And I never had one.
We had basements in both of the houses that they had in Pittsburgh, and we never had one.
Any basement that I can think of that I was in in like high school and whatnot, there was no toilet.
So I was a little bit surprised that it had a name.
Uh-huh.
And it was a name of the place you grew up and had never seen one before?
I've never heard anybody call a toilet in the basement, a Pittsburgh toilet.
I was not expecting that.
Like, are Pittsburgh toilets more lower than reality at this point?
So I decided to call the one person I know who might know Pittsburgh better than my dad.
Hello?
Hi, Joe.
Can you hear me now?
Yeah, I can hear you.
Good.
My friend Joe from college.
I tell him.
there's a thing that I need to ask him.
That I think could really help me understand this, which is the Pittsburgh toilet.
Let's go.
Okay.
Okay, so you know what it is.
I know what it is.
What is your first memory of one?
I want to say it was high school.
Okay.
It was high school and it was, I can't recall the person's house, but it was someone was having a party.
and there was a toilet there in the basement.
And so, yeah, it was just, you know, wall-to-wall high schoolers.
And a toilet.
And a toilet.
No one was using it, thank God.
We all had the common decency among us that we knew that was the line we weren't going to cross.
I guess I have to ask, though, have you ever used a Pittsburgh toilet?
I have not.
Every time I run into one, I'm with a group of people.
Do I lose points?
Am I penalized for that?
Joe does lose points in this particular assignment.
I think he scores a solid C.
Like, yes, he helped me confirm that Pittsburgh toilets do exist to this day, but he can't speak to the experience of using one.
So I asked Joe, is there anybody you know who might have a Pittsburgh toilet?
Probably my brother's friend.
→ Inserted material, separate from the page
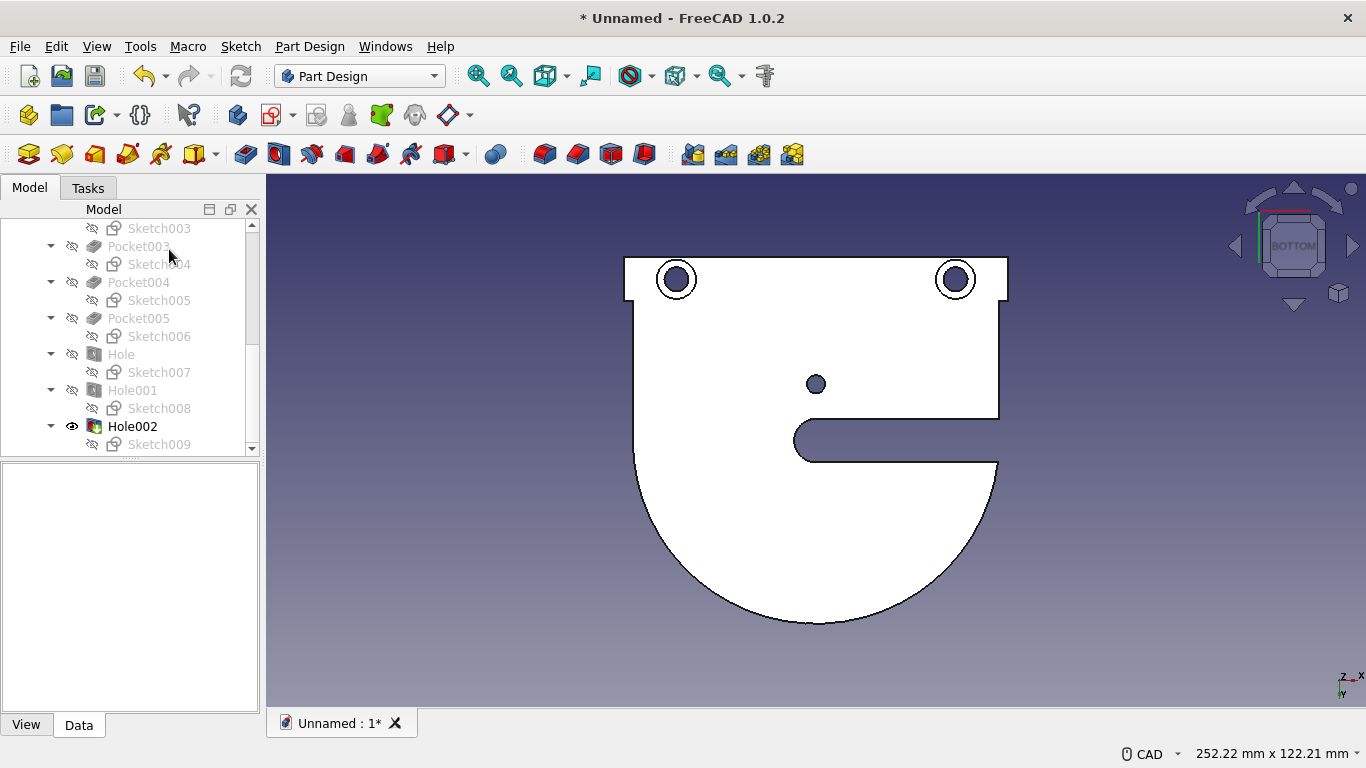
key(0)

His name is John Baylog.
Okay. John, Joe told me, is what they call a yinzer. A lifelong, died in the wool, never missed a fish fry during Lent in his life lover of Pittsburgh.
Did a couple of summers selling beers at PNC Park during Pirates games.
He's got a Turner's Tea sticker on the back of his car.
What does that mean?
Turner's Tea is a local brand of ice tea made in Pittsburgh.
Yeah.
I think in the past couple of years it started to be marketed as Yinser Fuel.
As a matter of fact.
John was at home when I talked to him.
His new home, actually.
He just bought it from his grandma, and he was really excited about it.
Before you bought it, can you describe it for me?
Like, what did it look like?
How did she decorate it?
Kind of paint me a picture?
Well, luckily, I don't need to paint it because it still looks like it.
He showed me the living room, floor-to-ceiling fake wood.
She has panel walls.
Peak 80s.
The kitchen backslash that looked like it was painted like brick.
So I'm thinking about what I'm going to do with all that.
And then the basement.
So I just walked out.
on these stairs here.
Okay. Pretty narrow.
Very steep.
Yep.
It's unfinished.
Uh-huh.
Okay.
Nothing's really ever been done to it.
Here's the chimney that goes through the house.
We actually used to, like, ride our bikes around this chimney growing up.
Yeah.
And there's the toilet, too.
Oh, my God.
There's the Pittsburgh toilet.
Oh, my God.
The toilet was wedged in the corner of the basement, up against a cinder block
wall right next to John's half-packed moving boxes. It was sitting on its own pedestal of poured
concrete and directly faced the door to John's backyard. Honestly, aesthetically, it fit in.
And you have toilet paper down there too, very dignified. Yeah, exactly. No like shower curtain or anything.
I mean, back in the day, what people would do was, you know, they could park their car out in that
garage back there, right? If they were a mill worker or whatnot,
And I still do this.
Like, if I am dirty outside, I will walk directly down into here.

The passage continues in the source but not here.